Emperor Boris reached to his jewelled belt and removed a few coppers from a leather pouch. Squinting at the coins for a moment, he turned back to the window and threw them into the street. He laughed as he watched the ragged scarecrows rush to retrieve their bounty, hobbling along on withered legs, groping in the gutter with skeletal hands. Still laughing, he took another clutch of coins and threw them in the direction of an old char woman leaning against a lamp post. Caught by surprise, the woman staggered back as the coins struck her. A mob of more observant beggars came running down the street, trampling the old woman underfoot in their hurry to gather up the money.

Boris clapped his hands together, his face glowing in a cherubic smile. He noted the revulsion on the face of the woman across from him. Reaching into his belt, he removed a few more coins. ‘Great sport,’ he told Erna. ‘Would you care to try?’ The woman shook her head, but Boris persisted. Reaching out, he took her hand and forced the coins into her palm. ‘Just once,’ he told her.

‘Perhaps I might try,’ Moschner offered.

Emperor Boris directed a withering look at his physician. ‘Pay for your own amusements,’ he said, then turned his attention back to Erna. ‘Go ahead,’ he prodded her. ‘They’re just peasants. They won’t bite. They wouldn’t dare!’ The levity drained from the monarch’s features; his voice became a low snarl, his hand tightened around Erna’s. ‘Do as you are told.’

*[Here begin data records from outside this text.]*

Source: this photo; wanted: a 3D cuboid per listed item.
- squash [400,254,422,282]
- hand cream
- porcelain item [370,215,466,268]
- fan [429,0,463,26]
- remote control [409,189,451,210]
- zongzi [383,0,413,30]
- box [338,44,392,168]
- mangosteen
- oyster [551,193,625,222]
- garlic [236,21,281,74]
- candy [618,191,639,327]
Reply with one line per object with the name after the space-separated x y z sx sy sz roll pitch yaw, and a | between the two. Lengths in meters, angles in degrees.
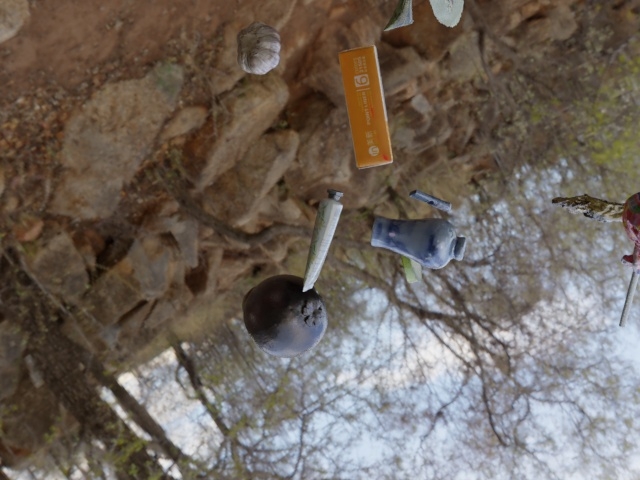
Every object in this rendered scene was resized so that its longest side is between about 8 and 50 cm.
0.306 0.038 2.341 0.041 0.219 0.219 -12 -161 16 | squash
0.000 0.000 1.257 0.067 0.042 0.194 -23 131 -78 | hand cream
0.274 -0.003 1.885 0.259 0.141 0.141 14 -149 15 | porcelain item
0.231 -0.616 1.349 0.012 0.415 0.233 2 -127 31 | fan
0.367 -0.132 2.233 0.043 0.152 0.027 -10 -118 67 | remote control
0.257 -0.771 2.276 0.113 0.104 0.052 -20 -149 -16 | zongzi
0.110 -0.312 1.605 0.091 0.274 0.221 -8 -169 7 | box
-0.093 0.168 1.516 0.230 0.194 0.194 -5 -151 50 | mangosteen
0.838 -0.089 1.938 0.345 0.079 0.129 4 -175 1 | oyster
-0.173 -0.543 1.921 0.147 0.159 0.102 -45 148 21 | garlic
0.708 0.051 1.494 0.124 0.365 0.124 -3 -146 2 | candy
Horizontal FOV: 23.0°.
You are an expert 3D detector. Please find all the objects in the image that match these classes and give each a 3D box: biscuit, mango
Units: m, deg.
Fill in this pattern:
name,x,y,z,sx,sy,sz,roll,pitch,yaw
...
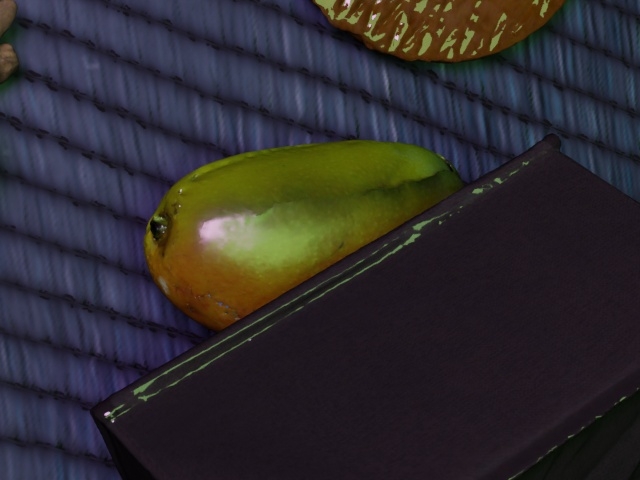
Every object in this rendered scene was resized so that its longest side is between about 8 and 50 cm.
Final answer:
name,x,y,z,sx,sy,sz,roll,pitch,yaw
biscuit,0.077,-0.247,1.058,0.262,0.037,0.262,-2,94,-23
mango,0.000,0.000,1.004,0.233,0.111,0.125,-8,129,-31

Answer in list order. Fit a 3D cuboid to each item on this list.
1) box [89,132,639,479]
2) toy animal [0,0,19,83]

Her cheeks flushing with shame, turning her head from the window, Erna cast the coins into the street. Emperor Boris leaned his head from the window, laughing at the bedlam as the beggars scrambled for the discarded coins.

‘A poor cast,’ he chuckled, then grinned as a thin shriek rose from somewhere behind them. ‘We’re afraid your coins landed in the street. One of the wretches has gotten himself crushed by the Count of Stirland’s coach.’ He leaned back inside and patted Erna’s hand.

‘We thank you for an amusing diversion,’ the Emperor told her, smiling as he felt the shudder that passed through Erna’s body.

Soon the urban mire of decayed Carroburg was behind them. They passed through the western gate, following the long causeway that reached out across the Reik, rising in a spiral of brick and mortar to the crest of a tall hill. Here, upon the natural spire, a succession of fortresses had been built by the old Thuringian kings, culminating in the great stone walls of the Schloss Hohenbach.